$$\ln\left(\frac{2(1 - \sqrt{1-x})}{x}\right) = \frac{1}{2}\frac{x}{2} + \frac{1}{2}\frac{3}{4}\frac{x^2}{4} + \frac{1}{2}\frac{3}{4}\frac{5}{6}\frac{x^3}{6} + \cdots\ \ \ \ \text{where} |x| < 2$$
I transformed $\ln\left(\frac{2(1 - \sqrt{1-x})}{x}\right)$ to $\ln(2) + \ln(1 - \sqrt{1-x}) + \ln(x)$ and got stuck.

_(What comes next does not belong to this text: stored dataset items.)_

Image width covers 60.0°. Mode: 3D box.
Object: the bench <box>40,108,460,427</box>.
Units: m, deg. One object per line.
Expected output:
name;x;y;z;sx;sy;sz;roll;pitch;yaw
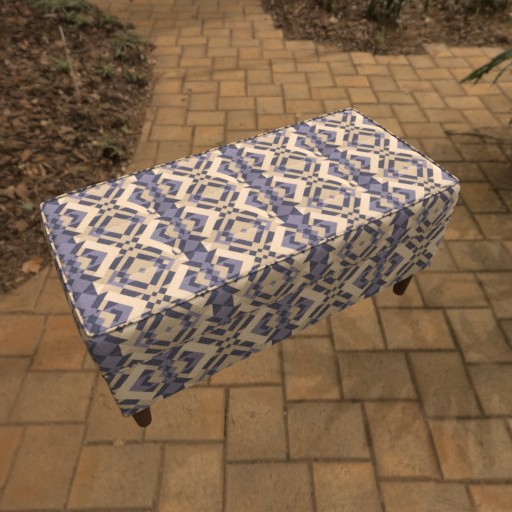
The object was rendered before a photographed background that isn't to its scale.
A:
bench;0.000;0.000;1.302;1.016;0.477;0.492;-22;50;-20
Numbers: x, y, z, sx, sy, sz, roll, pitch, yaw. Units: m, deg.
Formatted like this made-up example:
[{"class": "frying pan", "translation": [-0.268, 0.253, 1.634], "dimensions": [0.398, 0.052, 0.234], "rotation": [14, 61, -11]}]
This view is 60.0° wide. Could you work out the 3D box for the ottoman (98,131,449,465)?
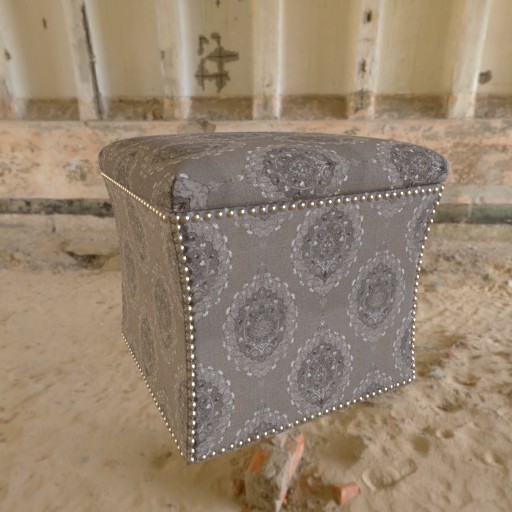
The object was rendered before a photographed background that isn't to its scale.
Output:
[{"class": "ottoman", "translation": [0.000, 0.000, 0.890], "dimensions": [0.507, 0.473, 0.497], "rotation": [-9, 21, -26]}]

I know that have to calculate Taylor series of $\ln(1 - \sqrt{1-x})$ but I do not have idea how to do that.
On
A tricky approach is to start from the RHS, namely $$ \sum_{n\geq 1}\frac{(2n-1)!!}{(2n)!!}\cdot\frac{x^n}{2n} = \sum_{n\geq 1}\frac{(2n)!}{4^n n!^2}\cdot\frac{x^n}{2n}=\frac{1}{2}\int_{0}^{x}\sum_{n\geq 1}\frac{(2n)!}{4^n n!}t^{n-1}\,dt $$ then recognize, through the extended binomial theorem, $$ \frac{1}{2}\int_{0}^{x}\frac{1-\sqrt{1-t}}{t\sqrt{1-t}}\,dt =\log\left(\frac{2}{1+\sqrt{1+x}}\right).$$
Hint
May be, you could start using the generalized binomial theorem or Taylor series to expand $$\sqrt{1-x}=1-\frac{x}{2}-\frac{x^2}{8}-\frac{x^3}{16}+O\left(x^4\right)$$ which makes $$1-\sqrt{1-x}=\frac{x}{2}+\frac{x^2}{8}+\frac{x^3}{16}+O\left(x^4\right)$$ and continue until you arrive to something looking like $$\log(1+y)=y-\frac{y^2}{2}+\frac{y^3}{3}+O\left(y^4\right)$$